Before we can even start to worry about how the dragging works, we have to implement a dragging action. SFML exposes events for the mouse being clicked, released, and moved — these form the basis of our action.

//... Inside main loop

sf::Event event;
while (window.pollEvent(event))
{
switch(event.type)
{
//... Other event handling
case sf::Event::MouseButtonPressed:
// Map global pixel location to a location relative to the window.
sf::Vector2f clickPos = window.mapPixelToCoords(
sf::Vector2i(event.mouseButton.x, event.mouseButton.y)
m_map->getView());

// Map this relative pixel location to a specfic tile.
sf::Vector2i tilePos = m_map->mapPixelToTile(clickPos);

// Tell the current tool where to start a drag.
m_currentTool->startDrag(tilePos);
break;
case sf::Event::MouseButtonReleased:
// End the active drag.
m_currentTool->endDrag();
break;
case sf::Event::MouseMoved:
sf::Vector2f mousePos = window.mapPixelToCoords(
sf::Vector2i(event.mouseMove.x, event.mouseMove.y)
m_map->getView());

sf::Vector2i tilePos = m_map->mapPixelToTile(mousePos);

// Update the current position of the drag.
m_currentTool->updateDrag(tilePos);
break;
}
}

//...


This is all fairly straightforward: map the mouse coordinates to a particular tile and pass off to the Tool class. We now have the groundwork in place:

class Tool
{
private:
bool isDragging;
sf::Vector2i m_dragStart;
sf::Vector2i m_dragCurrent;
std::vector<sf::Vector2i> m_tiles;

void updatePath();  // <-- The magic happens here.

public:
void startDrag(const sf::Vector2i& pos)
{
if (m_isDragging) return;

m_isDragging = true;
m_tiles.push_back(pos);
m_dragStart = pos;
m_dragCurrent = pos;
}
void updateDrag(const sf::Vector2i& pos)
{
if (!m_isDragging) return;

m_dragCurrent = pos;
updatePath();
}
void endDrag()
{
if (!m_isDragging) return;
m_tiles.clear();
}
};


### # The Algorithm

Our goal is to produce a list of tile coordinates that connect m_dragStart and m_dragCurrent. We want a linear path, with an optional dogleg, i.e.:

* * * * * *
* *
* *
* *

Finally, if there is a diagonal segment, we want the tip to “rotate” as we extend the drag:

* * *
* *
*
|
v
* * *
* *
* *
|
v
* * *
* *
* *
*

The first draft of the algorithm succeeds at everything except rotating:

void Tool::updatePath()
{
// Clear output vector.
m_tiles.clear();

sf::Vector2i curr = m_dragStart;

while (curr != m_dragCurrent) {
m_tiles.push_back(curr);

// Signed deltas
const int dx = curr.x - m_dragCurr.x;
const int dy = curr.y - m_dragCurr.y;

if (abs(dx) > abs(dy)) {
curr.x -= 1 * sign(dx);
}
else {
curr.y -= 1 * sign(dy);
}

}

m_tiles.push_back(curr);
}


(The sign function simply maps negative numbers to -1, positive numbers to 1, and 0 to 0.)

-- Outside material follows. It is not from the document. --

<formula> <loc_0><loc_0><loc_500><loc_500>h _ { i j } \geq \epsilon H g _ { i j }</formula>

This is a very simple algorithm, but it doesn’t handle the diagonals exactly the way we’d like. The “rotation” of the diagonal end is determined by what branch is run when abs(dx) == abs(dy) — here, it’s the vertical shift, and as such the diagonal always ends with a vertical shift. This causes a “wiggling” motion when dragging diagonally, as the entire diagonal segment shifts back and forth to compensate. Not ideal.

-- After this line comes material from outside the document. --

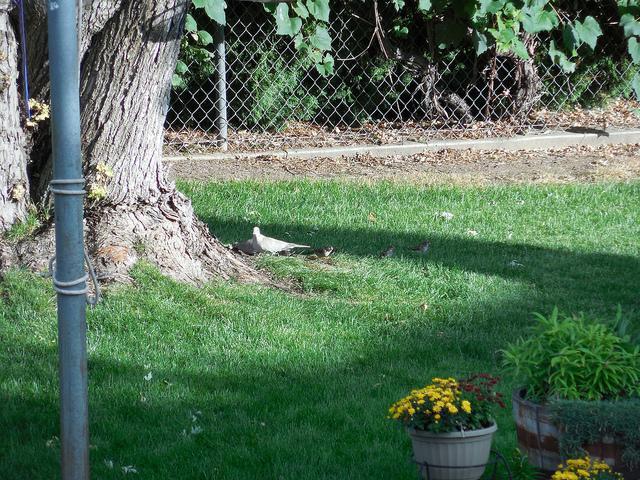How many birds are in this photo?
Give a very brief answer. 1. How many potted plants can you see?
Give a very brief answer. 2. How many people are holding a yellow board?
Give a very brief answer. 0.

The key is that as we extend either the vertical or horizontal delta for the entire path, we want the diagonal end to switch rotations. This leads to the following:

void Tool::updatePath()
{
// Clear output vector.
m_tiles.clear();

sf::Vector2i curr = m_dragStart;

// Manhattan distance from m_dragStart to m_dragCurrent.
const int dist = abs(m_dragStart.y - m_dragCurrent.y) +
abs(m_dragStart.x - m_dragCurrent.x);
const bool odd = dist % 2 != 0;

while (curr != m_dragCurrent) {
m_tiles.push_back(curr);

// Signed deltas
const int dx = curr.x - m_dragCurr.x;
const int dy = curr.y - m_dragCurr.y;

if (abs(dx) > abs(dy)) {
curr.x -= sign(dx);
}
else if (abs(dx) < abs(dy)) {
curr.y -= sign(dy);
}
else {
if (odd) {
curr.x -= sign(dx);
}
else {
curr.y -= sign(dy);
}
}
}

m_tiles.push_back(curr);
}


In this modified version, we take the Manhattan distance between start and current tiles. Then, if this number is odd, we shift horizontally when the deltas are equivalent, and if it’s even we shift vertically. Which rotation is used for odd/even is arbitrary, it only matters that they are different. Now, as we drag along the diagonal, the rotation of the end tile changes as the mouse crosses the tile boundaries, preserving our previous path and eliminating the “wiggle”.